In tests of code downloaded from the Web site of Dan Brumleve, eWEEK Labs
was able to build a Web page that, when browsed using Communicator 4.7, gave
us access to defined directories on the system of the client browsing the
Web site. We simply accessed it through a browser by entering the IP address
of the client system. The exploit functions in much the same way as
file-sharing systems such as Napster.
The hole works by exploiting two Java classes (netscape.net.URLConnection
and netscape.net.URLinputStream) that are included in the Java
implementation used by Netscape browsers. By using a Java applet on the
site, the exploit is able to launch a local Java Web server within the
browser, which can then be accessed remotely. The server does not stop until
Netscape has been fully exited.
Who's vulnerable?
The exploit affects Netscape Communicator and Navigator Versions 4.7 and
earlier running on Windows systems and on Linux.
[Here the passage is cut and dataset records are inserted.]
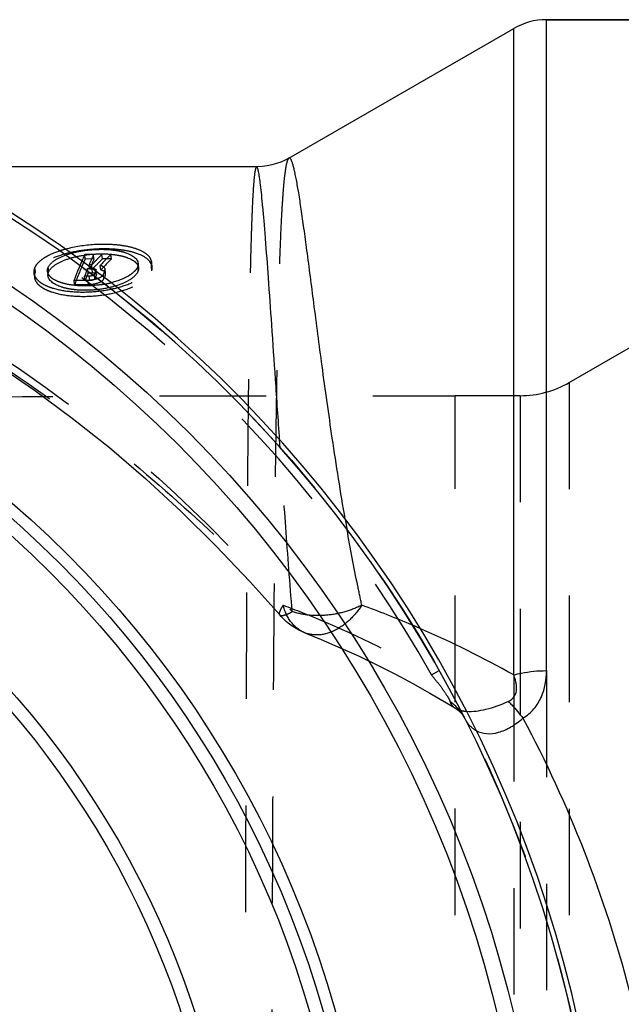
# Model space of a CAD drawing. Header units: millimetres. Extents: x 368 to 632, y 412 to 588.
# Tile 5 of 6: x 494 to 530, y 513 to 573. Entities that reach past the tile are written whole.
import ezdxf

# ---------------------------------------------------------------- set-up
doc = ezdxf.new("R2010")
doc.units = ezdxf.units.MM
doc.header["$LTSCALE"] = 65.185185
doc.linetypes.add('HIDDEN', pattern=[0.2, 0.1, -0.1])
doc.layers.add('KOERPER', color=7, linetype='CONTINUOUS')
doc.layers.add('KONST.EL_MIT_GEO', color=7, linetype='CONTINUOUS')

msp = doc.modelspace()

# ---------------------------------------------------------------- linework, layer by layer
at = {"layer": 'KOERPER', "color": 7, "linetype": 'Continuous'}
for p, q in [((525.722, 572.987), (595.65, 572.987)), ((509.98, 564.518), (523.722, 572.452)), ((507.97, 563.987), (488.137, 563.987))]:
    msp.add_line(p, q, dxfattribs=at)
at = {"layer": 'KOERPER', "color": 8, "linetype": 'HIDDEN'}
for p in [(520.15, 439.988), (524.123, 549.987)]:
    msp.add_line(p, (520.15, 549.987), dxfattribs=at)
msp.add_circle((451.15, 494.988), 78, dxfattribs=at)
msp.add_open_spline([(462.989, 548.698), (467.572, 549.117), (476.9, 549.656), (491.072, 549.942), (505.534, 549.991), (515.26, 549.987), (520.15, 549.987)], degree=3, knots=[0, 0, 0, 0, 0.241405, 0.489833, 0.74351, 1, 1, 1, 1], dxfattribs=at)
at = {"layer": 'KONST.EL_MIT_GEO', "color": 7, "linetype": 'Continuous'}
for p, q in [((525.722, 533.165), (525.722, 572.987)), ((595.65, 572.987), (525.722, 572.987)), ((523.722, 532.903), (523.722, 572.452))]:
    msp.add_line(p, q, dxfattribs=at)
at = {"layer": 'KONST.EL_MIT_GEO', "color": 8, "linetype": 'HIDDEN'}
for p, q in [((498.032, 558.626), (497.496, 558.622)), ((497.523, 558.346), (497.496, 558.622)), ((498.059, 558.351), (498.032, 558.626)), ((499.098, 558.635), (498.547, 558.631)), ((498.574, 558.355), (498.547, 558.631)), ((499.124, 558.36), (499.098, 558.635)), ((494.478, 557.565), (494.445, 557.837)), ((495.294, 557.572), (495.262, 557.844)), ((498.059, 558.351), (497.523, 558.346)), ((497.674, 557.771), (497.951, 557.773)), ((497.703, 557.499), (497.674, 557.771)), ((497.933, 557.996), (497.763, 557.994)), ((497.792, 557.722), (497.763, 557.994)), ((497.98, 557.501), (497.933, 557.996)), ((498.474, 557.679), (498.446, 557.952)), ((499.124, 558.36), (498.574, 558.355)), ((500.762, 557.62), (500.737, 557.892)), ((500.784, 557.8), (500.76, 558.073)), ((501.592, 557.627), (501.568, 557.899)), ((501.618, 557.848), (501.594, 558.122)), ((494.385, 557.497), (494.419, 557.228)), ((495.219, 557.595), (495.251, 557.325)), ((497.771, 557.296), (497.491, 557.294)), ((497.521, 557.024), (497.491, 557.294)), ((497.703, 557.499), (497.98, 557.501)), ((497.801, 557.026), (497.771, 557.296)), ((497.961, 557.723), (497.792, 557.722)), ((498.116, 557.143), (498.087, 557.413)), ((498.18, 557.663), (498.156, 557.6)), ((498.209, 557.392), (498.183, 557.685)), ((498.67, 557.148), (498.642, 557.419)), ((498.759, 557.397), (498.731, 557.668)), ((498.767, 557.458), (498.739, 557.73)), ((527.123, 550.791), (538.758, 557.509)), ((496.848, 557.053), (497.687, 557.06)), ((496.879, 556.784), (496.848, 557.053)), ((496.879, 556.784), (497.717, 556.792)), ((497.801, 557.026), (497.521, 557.024)), ((497.717, 556.792), (497.687, 557.06)), ((527.123, 550.791), (527.123, 439.184)), ((524.123, 549.987), (524.123, 439.988)), ((509.444, 546.801), (509.411, 547.284)), ((518.701, 532.903), (519.168, 533.165)), ((525.722, 533.165), (525.722, 456.81)), ((523.722, 532.903), (523.722, 457.072)), ((520.158, 530.867), (520.159, 530.866)), ((520.72, 530.258), (520.722, 530.254))]:
    msp.add_line(p, q, dxfattribs=at)
at = {"layer": 'KONST.EL_MIT_GEO', "color": 7, "linetype": 'Continuous'}
msp.add_lwpolyline([(509.976, 564.516), (509.756, 564.397), (509.494, 564.28), (509.221, 564.18), (508.939, 564.1), (508.65, 564.041), (508.358, 564.003), (508.064, 563.988), (508.003, 563.987)], dxfattribs=at)
at = {"layer": 'KONST.EL_MIT_GEO', "color": 8, "linetype": 'HIDDEN'}
for points in [[(492.061, 551.934), (494.418, 550.325), (496.733, 548.616), (499.003, 546.808), (501.224, 544.903), (503.397, 542.901), (505.52, 540.804), (507.59, 538.619), (509.417, 536.572)], [(510.953, 535.481), (511.945, 535.075), (513.122, 534.567), (514.272, 534.042), (515.394, 533.502), (516.489, 532.947), (517.556, 532.378), (518.596, 531.796), (519.608, 531.202), (520.158, 530.867)], [(520.16, 530.866), (520.246, 530.808), (520.351, 530.725), (520.454, 530.628), (520.549, 530.52), (520.631, 530.409), (520.698, 530.3), (520.72, 530.258)]]:
    msp.add_lwpolyline(points, dxfattribs=at)
at = {"layer": 'KONST.EL_MIT_GEO', "color": 7, "linetype": 'Continuous'}
for radius in [74.561, 73.58, 64.05, 63.325, 62.521, 55.804, 55]:
    msp.add_circle((451.15, 494.988), radius, dxfattribs=at)
for centre, radius, start, end in [((451.15, 494.988), 78.3, 96.152, 83.848), ((525.722, 568.987), 4, 90, 120), ((451.15, 494.988), 78, 96.18764, 83.81236), ((493.335, 478.935), 61.935, 60.61797, 66.54094)]:
    msp.add_arc(centre, radius, start, end, dxfattribs=at)
at = {"layer": 'KONST.EL_MIT_GEO', "color": 8, "linetype": 'HIDDEN'}
for centre, radius, start, end in [((451.15, 494.988), 77.464, 29.30465, 330.69535), ((498.033, 552.574), 6.598, 105.08191, 108.37012), ((516.702, 549.825), 21.125, 155.39203, 156.59884), ((517.948, 549.781), 21.791, 156.05325, 157.85858), ((522.803, 534.533), 34.191, 135.18793, 136.17064), ((523.926, 534.296), 34.768, 135.56996, 137.12678), ((519.659, 548.577), 24.335, 157.39408, 159.61614), ((517.888, 549.31), 22.418, 156.59485, 157.38424), ((520.562, 548.733), 24.608, 158.45212, 159.64171), ((517.879, 549.554), 21.684, 156.06628, 157.87252), ((523.765, 533.607), 35.527, 136.16745, 136.64652), ((523.022, 534.035), 34.484, 135.15063, 136.61322), ((523.829, 534.106), 34.62, 135.52692, 137.08472), ((520.481, 548.511), 24.488, 158.46635, 159.6565), ((521.451, 548.901), 24.866, 159.52167, 159.98027), ((521.246, 548.723), 24.615, 159.37789, 159.99559), ((522.109, 549.158), 24.879, 159.99805, 160.60797), ((522.026, 548.935), 24.758, 160.01298, 160.62451), ((497.61, 562.819), 6.11, 280.28095, 283.94438), ((524.123, 555.987), 6, 270, 300), ((670.108, 569.464), 159.001, 189.78716, 190.02434), ((492.128, 476.14), 64.978, 66.99529, 69.92104), ((492.61, 477.306), 63.718, 66.5262, 66.98435)]:
    msp.add_arc(centre, radius, start, end, dxfattribs=at)
for points, knots in [([(509.627, 452.806), (507.241, 450.084), (502.168, 444.868), (493.582, 438.099), (484.102, 432.589), (473.905, 428.519), (463.207, 426.018), (452.248, 425.169), (441.287, 426.012), (430.585, 428.539), (420.406, 432.699), (410.999, 438.396), (402.6, 445.497), (395.419, 453.827), (389.636, 463.183), (385.398, 473.332), (382.811, 484.023), (381.942, 494.988), (382.811, 505.952), (385.398, 516.643), (389.636, 526.792), (395.419, 536.148), (402.6, 544.478), (410.999, 551.579), (420.406, 557.276), (430.585, 561.436), (441.287, 563.963), (452.248, 564.806), (463.207, 563.957), (473.905, 561.456), (484.102, 557.386), (493.582, 551.876), (502.168, 545.107), (507.241, 539.891), (509.627, 537.169)], [0, 0, 0, 0, 0.031016, 0.062174, 0.093393, 0.124641, 0.155905, 0.187176, 0.218453, 0.249733, 0.281014, 0.312296, 0.34358, 0.374863, 0.406147, 0.437431, 0.468716, 0.5, 0.531284, 0.562569, 0.593853, 0.625137, 0.65642, 0.687704, 0.718986, 0.750268, 0.781547, 0.812824, 0.844095, 0.875359, 0.906607, 0.937826, 0.968984, 1, 1, 1, 1]), ([(509.976, 564.516), (509.958, 564.505), (509.923, 564.461), (509.861, 564.32), (509.795, 564.038), (509.725, 563.582), (509.658, 562.965), (509.595, 562.189), (509.536, 561.255), (509.481, 560.166), (509.408, 558.408), (509.329, 555.842), (509.25, 552.336), (509.181, 548.286), (509.122, 543.729), (509.072, 538.707), (509.03, 533.269), (508.995, 527.465), (508.957, 519.158), (508.928, 508.297), (508.916, 494.988), (508.928, 481.678), (508.957, 470.818), (508.995, 462.51), (509.03, 456.706), (509.072, 451.268), (509.122, 446.247), (509.181, 441.69), (509.25, 437.639), (509.329, 434.133), (509.408, 431.567), (509.481, 429.809), (509.536, 428.72), (509.595, 427.786), (509.658, 427.01), (509.725, 426.393), (509.795, 425.937), (509.861, 425.655), (509.923, 425.514), (509.958, 425.47), (509.976, 425.459)], [0, 0, 0, 0, 0.000456, 0.001147, 0.003338, 0.006654, 0.011111, 0.016705, 0.02343, 0.031274, 0.040221, 0.061345, 0.08662, 0.115816, 0.148664, 0.184858, 0.224059, 0.265895, 0.309968, 0.403133, 0.499999, 0.596865, 0.69003, 0.734104, 0.77594, 0.81514, 0.851335, 0.884183, 0.913379, 0.938654, 0.959779, 0.968725, 0.976569, 0.983294, 0.988889, 0.993345, 0.996662, 0.998853, 0.999544, 1, 1, 1, 1]), ([(452.74, 563.986), (458.181, 563.946), (469.092, 562.602), (481.983, 557.902), (491.493, 552.565), (498.182, 547.851), (504.4, 542.539), (508.271, 538.708), (510.186, 536.774)], [0, 0, 0, 0, 0.2499, 0.499788, 0.624893, 0.749966, 0.875005, 1, 1, 1, 1]), ([(508.003, 563.987), (507.992, 563.987), (507.965, 563.958), (507.928, 563.85), (507.883, 563.606), (507.839, 563.199), (507.795, 562.626), (507.753, 561.893), (507.714, 561), (507.677, 559.948), (507.628, 558.235), (507.574, 555.719), (507.52, 552.265), (507.473, 548.257), (507.433, 543.732), (507.398, 538.733), (507.369, 533.308), (507.345, 527.511), (507.319, 519.199), (507.298, 508.322), (507.29, 494.988), (507.298, 481.653), (507.319, 470.776), (507.345, 462.464), (507.369, 456.667), (507.398, 451.242), (507.433, 446.243), (507.473, 441.718), (507.52, 437.71), (507.574, 434.256), (507.628, 431.74), (507.677, 430.027), (507.714, 428.975), (507.753, 428.082), (507.795, 427.349), (507.839, 426.776), (507.883, 426.369), (507.928, 426.125), (507.965, 426.017), (507.992, 425.988), (508.003, 425.988)], [0, 0, 0, 0, 0.000253, 0.000739, 0.002557, 0.005538, 0.009692, 0.015013, 0.021494, 0.029123, 0.037882, 0.058717, 0.083813, 0.112937, 0.145815, 0.182136, 0.221551, 0.263679, 0.308113, 0.402149, 0.5, 0.597851, 0.691887, 0.736321, 0.778449, 0.817864, 0.854185, 0.887063, 0.916187, 0.941283, 0.962118, 0.970877, 0.978506, 0.984987, 0.990308, 0.994462, 0.997443, 0.999261, 0.999747, 1, 1, 1, 1]), ([(501.594, 558.122), (501.583, 558.248), (501.453, 558.522), (501.054, 558.815), (500.49, 559.036), (499.779, 559.184), (498.96, 559.253), (497.786, 559.235), (496.892, 559.101), (496.316, 558.945)], [0, 0, 0, 0, 0.066571, 0.149147, 0.255039, 0.383339, 0.529231, 0.686078, 1, 1, 1, 1]), ([(495.953, 558.836), (495.615, 558.723), (495.148, 558.525), (494.659, 558.15), (494.495, 557.942), (494.445, 557.837)], [0, 0, 0, 0, 0.579969, 0.810838, 1, 1, 1, 1]), ([(501.618, 557.848), (501.581, 558.272), (500.887, 558.653), (500.147, 558.839), (499.569, 558.929), (498.948, 558.97), (498.072, 558.963), (497.007, 558.846), (495.863, 558.554), (495.002, 558.153), (494.575, 557.768), (494.478, 557.565)], [0, 0, 0, 0, 0.162345, 0.228034, 0.302774, 0.382923, 0.466224, 0.637207, 0.790873, 0.914292, 1, 1, 1, 1]), ([(495.262, 557.844), (495.338, 558.015), (495.695, 558.326), (496.386, 558.638), (497.272, 558.857), (498.235, 558.956), (499.029, 558.935), (499.618, 558.842), (500.186, 558.7), (500.73, 558.407), (500.759, 558.073)], [0, 0, 0, 0, 0.092622, 0.221252, 0.376585, 0.541713, 0.699151, 0.770152, 0.833874, 1, 1, 1, 1]), ([(495.294, 557.572), (495.364, 557.727), (495.686, 558.024), (496.338, 558.335), (497.209, 558.565), (498.186, 558.677), (499.013, 558.663), (499.631, 558.568), (500.209, 558.426), (500.754, 558.13), (500.784, 557.8)], [0, 0, 0, 0, 0.084584, 0.206132, 0.358318, 0.528689, 0.692818, 0.768265, 0.835324, 1, 1, 1, 1]), ([(494.445, 557.837), (494.432, 557.81), (494.388, 557.702), (494.375, 557.582), (494.385, 557.497)], [0, 0, 0, 0, 0.264337, 1, 1, 1, 1]), ([(494.385, 557.497), (494.396, 557.404), (494.472, 557.208), (494.705, 556.961), (495.042, 556.75), (495.651, 556.507), (496.585, 556.334), (497.812, 556.309), (499.072, 556.465), (500.215, 556.792), (501.079, 557.239), (501.501, 557.676), (501.568, 557.899)], [0, 0, 0, 0, 0.034996, 0.075575, 0.124348, 0.18176, 0.318423, 0.474734, 0.637113, 0.789298, 0.913399, 1, 1, 1, 1]), ([(495.219, 557.595), (495.212, 557.657), (495.221, 557.745), (495.252, 557.824), (495.262, 557.844)], [0, 0, 0, 0, 0.736161, 1, 1, 1, 1]), ([(497.523, 558.346), (497.467, 558.222), (497.237, 557.708), (497.028, 557.184), (496.879, 556.784)], [0, 0, 0, 0, 0.241963, 1, 1, 1, 1]), ([(497.951, 557.773), (498.005, 557.774), (498.087, 557.771), (498.18, 557.717), (498.183, 557.685)], [0, 0, 0, 0, 0.629055, 1, 1, 1, 1]), ([(498.739, 557.73), (498.737, 557.754), (498.709, 557.82), (498.602, 557.901), (498.504, 557.936), (498.446, 557.952)], [0, 0, 0, 0, 0.188786, 0.537215, 1, 1, 1, 1]), ([(500.737, 557.892), (500.702, 557.782), (500.535, 557.56), (499.997, 557.169), (499.467, 556.985), (499.082, 556.889)], [0, 0, 0, 0, 0.173985, 0.401878, 1, 1, 1, 1]), ([(494.478, 557.565), (494.465, 557.538), (494.422, 557.432), (494.408, 557.313), (494.419, 557.228)], [0, 0, 0, 0, 0.257475, 1, 1, 1, 1]), ([(494.419, 557.228), (494.43, 557.139), (494.5, 556.949), (494.723, 556.705), (495.057, 556.492), (495.689, 556.236), (496.674, 556.06), (497.968, 556.048), (499.256, 556.23), (500.374, 556.579), (501.172, 557.023), (501.532, 557.432), (501.592, 557.627)], [0, 0, 0, 0, 0.033382, 0.072953, 0.121208, 0.179841, 0.32584, 0.490753, 0.660338, 0.808718, 0.923955, 1, 1, 1, 1]), ([(496.787, 556.742), (496.58, 556.767), (496.201, 556.837), (495.709, 557.017), (495.355, 557.258), (495.231, 557.489), (495.219, 557.595)], [0, 0, 0, 0, 0.331103, 0.610443, 0.82923, 1, 1, 1, 1]), ([(500.762, 557.62), (500.712, 557.469), (500.429, 557.157), (499.81, 556.819), (498.948, 556.556), (497.958, 556.421), (497.11, 556.428), (496.471, 556.523), (495.864, 556.675), (495.293, 556.977), (495.251, 557.325)], [0, 0, 0, 0, 0.077668, 0.194466, 0.344676, 0.515725, 0.681976, 0.759106, 0.828526, 1, 1, 1, 1]), ([(497.687, 557.06), (497.894, 557.062), (498.193, 557.107), (498.511, 557.255), (498.622, 557.363), (498.642, 557.419)], [0, 0, 0, 0, 0.590087, 0.830718, 1, 1, 1, 1]), ([(498.002, 557.341), (497.985, 557.334), (497.911, 557.307), (497.832, 557.296), (497.771, 557.296)], [0, 0, 0, 0, 0.230944, 1, 1, 1, 1]), ([(497.98, 557.501), (498.034, 557.502), (498.115, 557.499), (498.208, 557.445), (498.212, 557.414)], [0, 0, 0, 0, 0.633545, 1, 1, 1, 1]), ([(498.087, 557.413), (498.085, 557.406), (498.064, 557.374), (498.029, 557.354), (498.002, 557.341)], [0, 0, 0, 0, 0.194659, 1, 1, 1, 1]), ([(498.183, 557.685), (498.183, 557.681), (498.183, 557.674), (498.181, 557.667), (498.18, 557.663)], [0, 0, 0, 0, 0.488021, 1, 1, 1, 1]), ([(498.212, 557.414), (498.212, 557.41), (498.212, 557.403), (498.21, 557.396), (498.209, 557.392)], [0, 0, 0, 0, 0.485131, 1, 1, 1, 1]), ([(498.767, 557.458), (498.765, 557.481), (498.712, 557.602), (498.574, 557.653), (498.474, 557.679)], [0, 0, 0, 0, 0.183938, 1, 1, 1, 1]), ([(498.7, 556.807), (498.539, 556.778), (497.906, 556.688), (497.259, 556.683), (496.787, 556.742)], [0, 0, 0, 0, 0.256487, 1, 1, 1, 1]), ([(497.717, 556.792), (497.93, 556.793), (498.233, 556.839), (498.549, 556.992), (498.652, 557.096), (498.67, 557.148)], [0, 0, 0, 0, 0.608718, 0.843094, 1, 1, 1, 1]), ([(498.116, 557.143), (498.101, 557.102), (497.981, 557.043), (497.872, 557.027), (497.801, 557.026)], [0, 0, 0, 0, 0.383365, 1, 1, 1, 1]), ([(510.186, 536.774), (510.037, 538.497), (509.788, 541.839), (509.555, 545.182), (509.444, 546.801)], [0, 0, 0, 0, 0.515986, 1, 1, 1, 1]), ([(514.436, 537.169), (514.351, 537.561), (514.027, 539.096), (513.737, 540.638), (513.534, 541.787)], [0, 0, 0, 0, 0.255809, 1, 1, 1, 1]), ([(509.627, 537.169), (509.58, 537.101), (509.501, 536.974), (509.409, 536.791), (509.37, 536.626), (509.417, 536.572)], [0, 0, 0, 0, 0.380915, 0.671492, 1, 1, 1, 1]), ([(509.417, 536.572), (509.44, 536.546), (509.536, 536.519), (509.701, 536.555), (509.927, 536.639), (510.093, 536.723), (510.186, 536.774)], [0, 0, 0, 0, 0.126049, 0.32494, 0.616303, 1, 1, 1, 1]), ([(510.952, 535.482), (510.632, 535.61), (510.024, 536.093), (509.724, 536.791), (509.627, 537.169)], [0, 0, 0, 0, 0.469278, 1, 1, 1, 1]), ([(509.627, 537.169), (510.4, 536.88), (513.508, 535.646), (516.518, 534.161), (518.701, 532.903)], [0, 0, 0, 0, 0.246761, 1, 1, 1, 1]), ([(514.436, 537.169), (514.103, 537.008), (513.405, 536.726), (512.302, 536.526), (511.21, 536.518), (510.51, 536.666), (510.186, 536.774)], [0, 0, 0, 0, 0.254363, 0.513517, 0.765532, 1, 1, 1, 1]), ([(514.436, 537.169), (514.216, 536.832), (513.722, 536.231), (512.823, 535.584), (511.862, 535.287), (511.225, 535.373), (510.952, 535.481)], [0, 0, 0, 0, 0.290929, 0.55488, 0.788145, 1, 1, 1, 1]), ([(518.701, 532.903), (518.813, 532.766), (519.036, 532.487), (519.36, 532.062), (519.629, 531.666), (519.785, 531.404), (519.822, 531.286)], [0, 0, 0, 0, 0.268392, 0.543584, 0.811654, 1, 1, 1, 1]), ([(519.822, 531.286), (519.918, 531.219), (520.276, 530.934), (520.565, 530.562), (520.72, 530.258)], [0, 0, 0, 0, 0.25487, 1, 1, 1, 1]), ([(519.822, 531.286), (519.849, 531.202), (519.936, 531.037), (520.078, 530.916), (520.158, 530.867)], [0, 0, 0, 0, 0.486624, 1, 1, 1, 1]), ([(520.16, 530.866), (520.182, 530.852), (520.282, 530.797), (520.391, 530.758), (520.475, 530.735)], [0, 0, 0, 0, 0.234299, 1, 1, 1, 1]), ([(520.475, 530.735), (520.502, 530.728), (520.618, 530.701), (520.736, 530.685), (520.826, 530.679)], [0, 0, 0, 0, 0.235524, 1, 1, 1, 1]), ([(520.722, 530.254), (520.802, 530.096), (520.998, 529.802), (521.276, 529.581), (521.426, 529.5)], [0, 0, 0, 0, 0.510344, 1, 1, 1, 1])]:
    msp.add_open_spline(points, degree=3, knots=knots, dxfattribs=at)
at = {"layer": 'KONST.EL_MIT_GEO', "color": 7, "linetype": 'Continuous'}
for points, knots in [([(513.421, 542.435), (513.137, 544.081), (512.645, 547.205), (512.028, 551.619), (511.527, 555.452), (511.165, 558.256), (510.908, 560.167), (510.742, 561.338), (510.591, 562.328), (510.469, 563.038), (510.375, 563.512), (510.312, 563.798), (510.252, 564.036), (510.195, 564.226), (510.141, 564.37), (510.089, 564.465), (510.036, 564.526), (509.991, 564.524), (509.976, 564.516)], [0, 0, 0, 0, 0.223326, 0.42297, 0.596134, 0.740455, 0.80117, 0.853977, 0.898696, 0.935185, 0.950309, 0.963341, 0.974278, 0.983129, 0.989919, 0.994719, 0.997771, 1, 1, 1, 1]), ([(509.411, 547.284), (509.327, 548.523), (509.168, 550.869), (508.943, 554.174), (508.743, 557.041), (508.587, 559.14), (508.47, 560.574), (508.393, 561.459), (508.32, 562.212), (508.251, 562.832), (508.187, 563.317), (508.13, 563.664), (508.079, 563.871), (508.04, 563.963), (508.014, 563.987), (508.003, 563.987)], [0, 0, 0, 0, 0.221929, 0.420118, 0.592018, 0.735578, 0.796202, 0.849152, 0.894278, 0.93146, 0.960593, 0.98162, 0.994552, 0.998084, 1, 1, 1, 1]), ([(523.722, 532.903), (523.877, 532.946), (524.532, 533.103), (525.209, 533.165), (525.722, 533.165)], [0, 0, 0, 0, 0.238869, 1, 1, 1, 1]), ([(524.29, 530.254), (524.538, 530.412), (524.987, 530.795), (525.588, 531.765), (525.722, 532.618), (525.722, 533.165)], [0, 0, 0, 0, 0.261886, 0.514412, 1, 1, 1, 1]), ([(523.39, 531.286), (523.545, 531.356), (523.818, 531.574), (523.925, 532.052), (523.864, 532.492), (523.774, 532.768), (523.722, 532.903)], [0, 0, 0, 0, 0.27811, 0.525946, 0.763781, 1, 1, 1, 1]), ([(520.826, 530.679), (521.224, 530.65), (522.115, 530.783), (522.948, 531.086), (523.39, 531.286)], [0, 0, 0, 0, 0.45058, 1, 1, 1, 1]), ([(523.39, 531.286), (523.464, 531.215), (523.785, 530.889), (524.076, 530.536), (524.29, 530.254)], [0, 0, 0, 0, 0.224685, 1, 1, 1, 1]), ([(521.426, 529.5), (521.618, 529.395), (522.081, 529.265), (522.828, 529.364), (523.588, 529.707), (524.059, 530.054), (524.29, 530.254)], [0, 0, 0, 0, 0.210121, 0.44336, 0.707976, 1, 1, 1, 1]), ([(524.29, 530.254), (527.093, 524.994), (531.59, 513.496), (533.949, 494.988), (531.59, 476.479), (527.093, 464.981), (524.29, 459.721)], [0, 0, 0, 0, 0.244016, 0.5, 0.755984, 1, 1, 1, 1])]:
    msp.add_open_spline(points, degree=3, knots=knots, dxfattribs=at)
at = {"layer": 'KONST.EL_MIT_GEO', "color": 8, "linetype": 'HIDDEN'}
for points in [[(500.759, 558.073), (500.765, 558.012), (500.756, 557.949), (500.737, 557.892)], [(500.784, 557.8), (500.789, 557.74), (500.781, 557.677), (500.762, 557.62)], [(501.568, 557.899), (501.591, 557.97), (501.6, 558.047), (501.594, 558.122)], [(501.592, 557.627), (501.614, 557.698), (501.624, 557.774), (501.618, 557.848)], [(495.251, 557.325), (495.241, 557.408), (495.259, 557.496), (495.294, 557.572)], [(498.731, 557.668), (498.738, 557.688), (498.741, 557.709), (498.739, 557.73)], [(498.759, 557.397), (498.766, 557.416), (498.769, 557.438), (498.767, 557.458)], [(510.953, 535.481), (510.37, 535.714), (509.829, 536.098), (509.417, 536.572)]]:
    msp.add_open_spline(points, degree=3, dxfattribs=at)

doc.saveas('drawing.dxf')

Because it utilizes the
unique Java implementation in these browsers, the exploit doesn't affect
Internet Explorer or the Mozilla builds and the Netscape 6 pre-betas, which
use the standard Sun JVM. (See eWEEK Labs' review of Netscape 6 Preview
Release 2.)
To defend against this exploit, users can turn off Java within their
Netscape browser or use a browser that isn't affected by the problem.
Companies with good firewalls should also be fairly well protected.
Although Netscape has yet to release a fix for the bug, the fact that it
uses two seldom-used Java classes should make a fix fairly simple. In our
tests, we also found that Netscape browsers using a proxy server seemed to
be immune to the exploit.
Users should keep in mind that, like often-discussed (but rarely seen)
hostile Java applets, this exploit must be deployed on a Web site to work
and cannot be distributed like a virus in the way that the popular hacker
ware Back Orifice can. And while the closely named Back Orifice provides
full control over attacked systems, the new Brown Orifice provides access
only to files.
-----Original Message-----
From: Chris Larson [SMTP:[EMAIL PROTECTED]]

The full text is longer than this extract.